Подпольная кличка - Михаил (Шакинко) - страница 61

О России Горький не мог говорить спокойно. Он выскакивал из-за стола, крупно и возбужденно шагал по комнате:

Обрадовали вы меня. Очень обрадовали. Я всегда верил из самой гущи народа идет к жизни новый человек, бодрый духом.

Мы переживаем трудное время, но оно скоро кончится, завершится ярким творческим взрывом народных сил… Русские медленно запрягают, но скоро едут…

Глаза у Горького влажно заблестели, стали мечтательно ласковыми. Он молча походил по комнате, а когда вновь повернулся к Михаилу, глаза были уже другими: сухими, острыми, колющими:

И все-таки сколько еще азиатского в нас. Это азиатская болезнь России — рабья покорность судьбе, это дряблое непротивление року…

Горький ходил по комнате, думая о чем-то своем, роняя только отдельные фразы…

До отчаяния пассивны иногда наши люди, и эта пассивность ненавистна мне… Ничто не уродует человека так страшно, как терпение… Терпение — это добродетель скота, дерева, камня…

Человек живет, чтобы сопротивляться условиям, угнетающим его… И всякий, кто в наше время хочет быть честным человеком, должен быть революционером…

И, помолчав, добавил:

— Перед нами два конца: или сгореть в ярком огне, или потонуть в помойной яме.

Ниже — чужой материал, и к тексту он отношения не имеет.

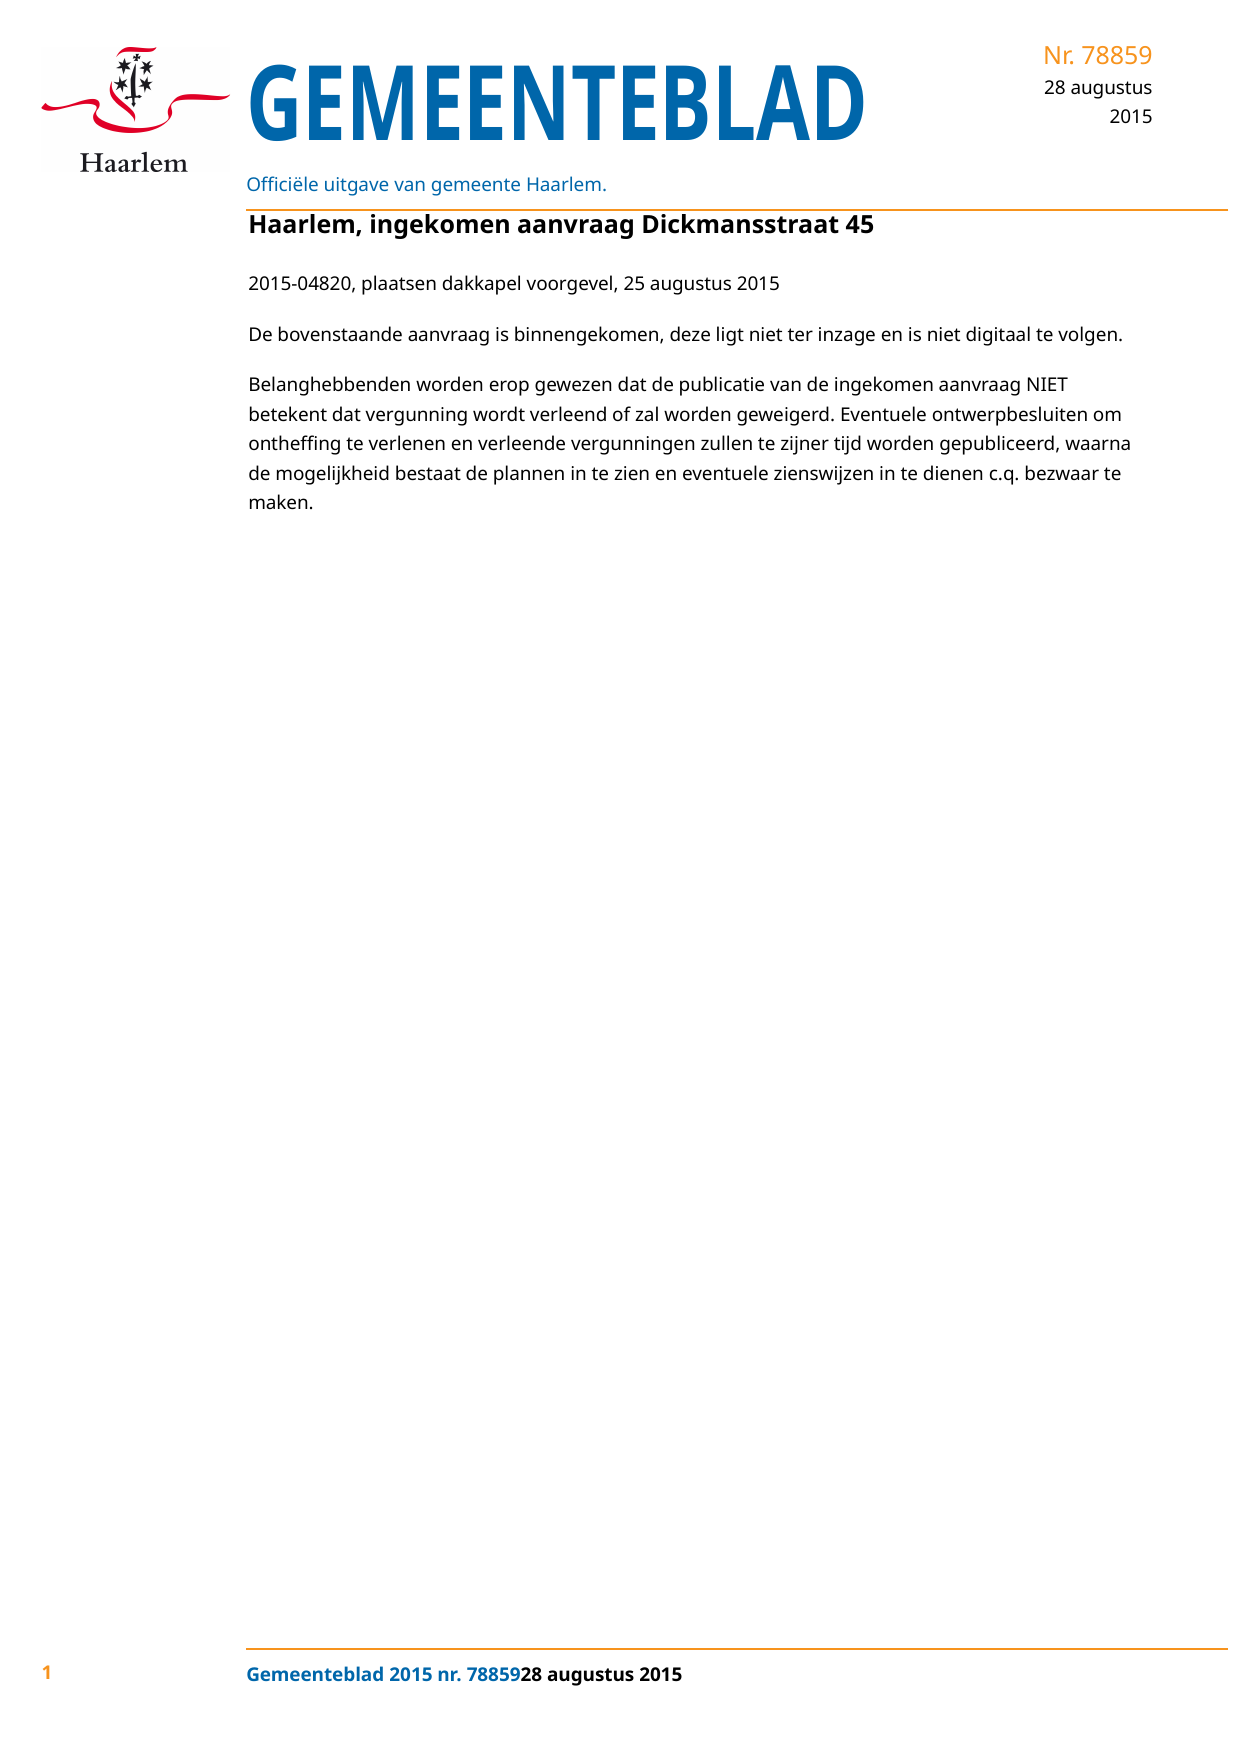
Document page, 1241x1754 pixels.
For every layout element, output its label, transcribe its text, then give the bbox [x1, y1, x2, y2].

Как-то Михаил заговорил с Алексеем Максимовичем о Луначарском. Горький сразу оживился:

— Вот уже год почти каждый день вижу Анатолия Васильевича и все больше убеждаюсь, какой это духовно богатый человек, — лицо Горького озарила застенчивая, влюбленная улыбка, которая появлялась у него всегда, когда он говорил о детях, русском народе и интересных для него людях, — талантливый и любимый мной человече… А какой характер! Не человек, а праздничная ракета! И делает он теперь, по-моему, очень нужное дело. Ведь главное сейчас — вырвать революционное движение из состояния разочарования и усталости, заразить верой в свои силы… Поговорите с Анатолием Васильевичем — у него на этот счет есть интересные мысли…

Михаил познакомился с Луначарским еще в Неаполе, на квартире, куда ему дали явку. Собственно Анатолий Васильевич и затащил его на Капри, соблазнив климатом и Горьким.

Вилонову нравился Луначарский, восторженный, увлекающийся, постоянно ищущий. Он всегда был полон огня и страстного порыва. И когда при очередной встрече с ним Михаил упомянул о разговоре с Алексеем Максимовичем, Луначарский сразу же подхватил:

— Да, конечно, я согласен с Максимычем. Главное — поддержать высокое настроение пролетариата, не дать угаснуть атмосфере мировой революции, которая, по-моему, сейчас мельчает от этой мнимой практики…

Пусть будет порыв, героическое перенапряжение, пусть обожествление человека станет возвышенной музыкой революции, поднимающей энтузиазм ее участников.